*WORK INSTRUCTIONS*: Every line in the listing below that holds the word "bounding" should be returned.

*SOURCE INFORMATION*:

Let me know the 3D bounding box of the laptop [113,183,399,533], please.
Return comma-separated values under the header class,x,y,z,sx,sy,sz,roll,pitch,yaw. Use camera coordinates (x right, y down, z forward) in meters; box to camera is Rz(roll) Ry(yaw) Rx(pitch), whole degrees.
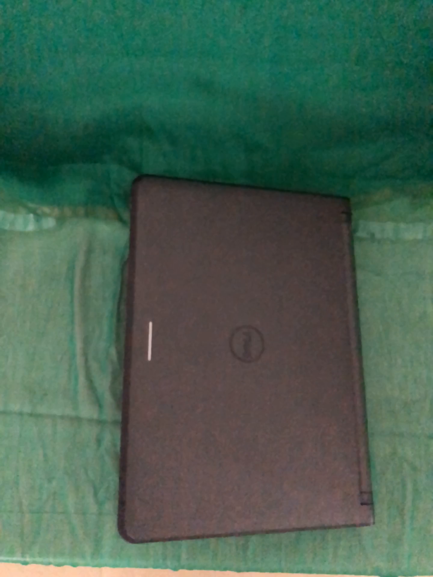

---

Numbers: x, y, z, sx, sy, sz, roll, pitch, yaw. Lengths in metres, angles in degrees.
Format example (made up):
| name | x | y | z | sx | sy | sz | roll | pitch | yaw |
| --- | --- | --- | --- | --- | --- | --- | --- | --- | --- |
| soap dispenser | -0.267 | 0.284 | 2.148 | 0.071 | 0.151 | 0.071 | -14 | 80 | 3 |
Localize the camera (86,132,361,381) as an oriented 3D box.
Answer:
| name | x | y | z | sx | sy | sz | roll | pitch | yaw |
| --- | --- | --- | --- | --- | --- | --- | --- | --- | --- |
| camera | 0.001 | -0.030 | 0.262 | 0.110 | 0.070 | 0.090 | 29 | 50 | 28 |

==

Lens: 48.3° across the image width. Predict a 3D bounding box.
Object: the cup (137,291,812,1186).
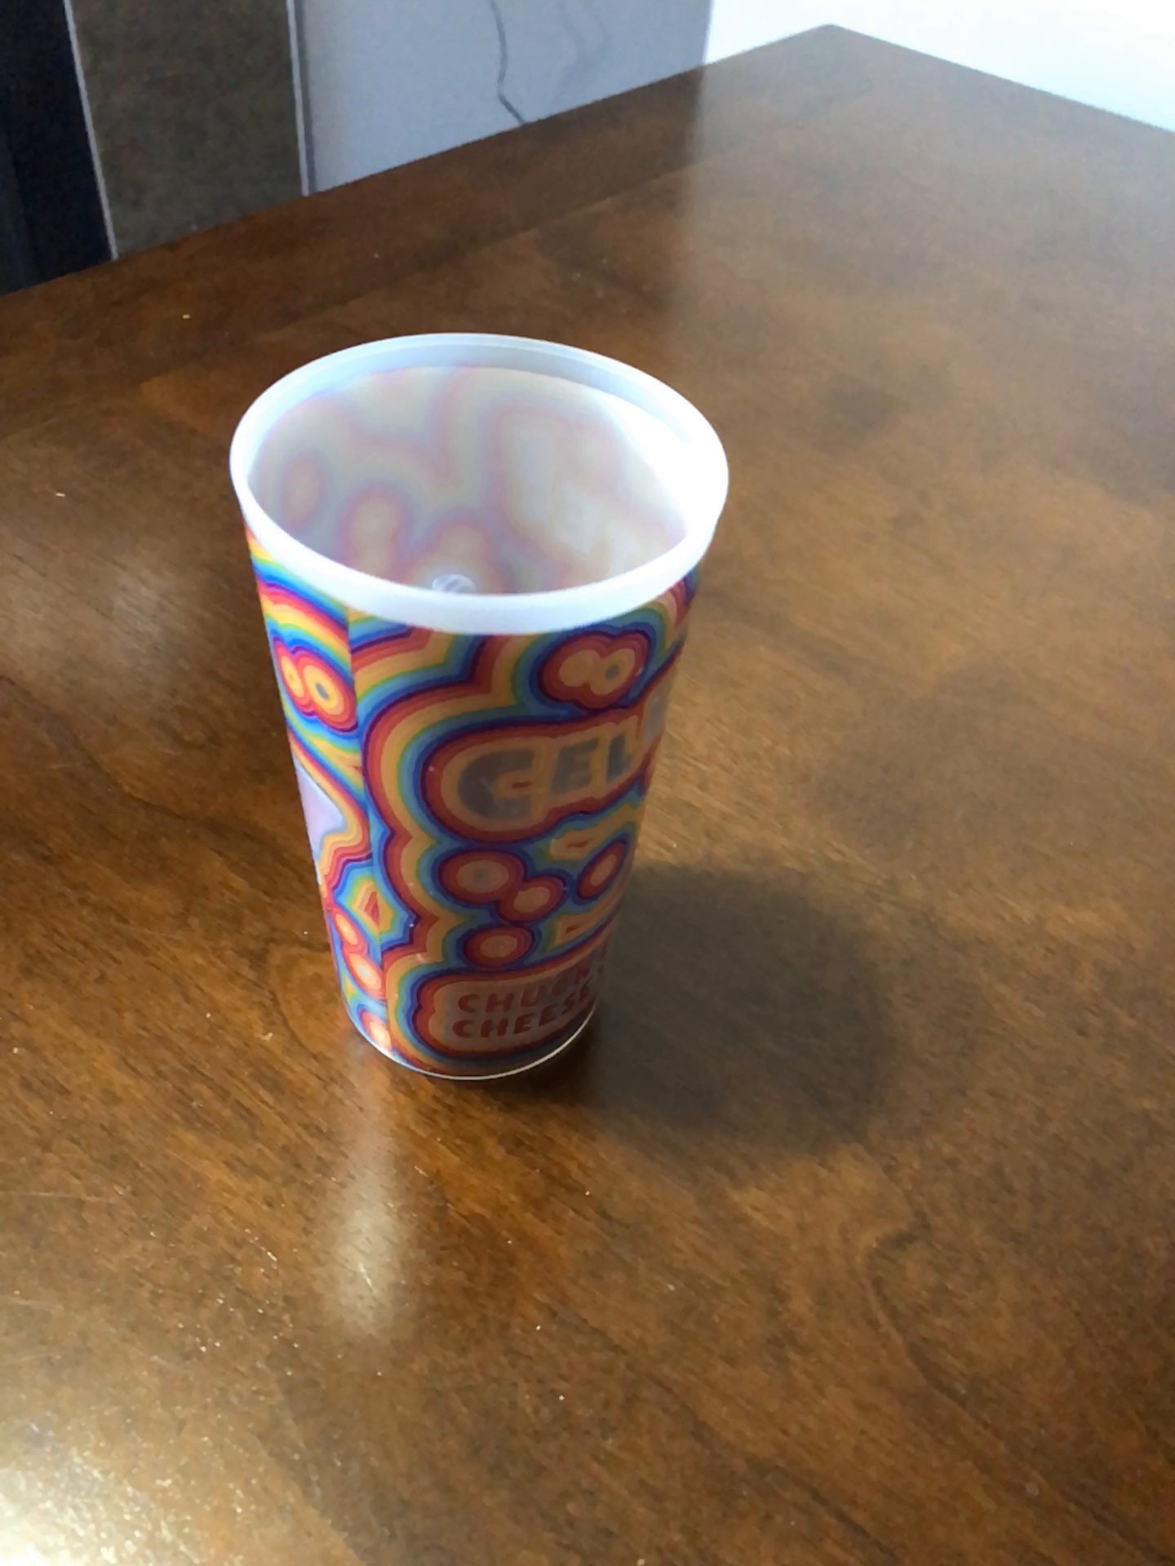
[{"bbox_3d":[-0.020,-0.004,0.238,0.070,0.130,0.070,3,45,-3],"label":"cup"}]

*REPLY*:
Let me know the 3D bounding box of the laptop [113,183,399,533], please.
Lens: 48.3° across the image width. Predict a 3D bounding box.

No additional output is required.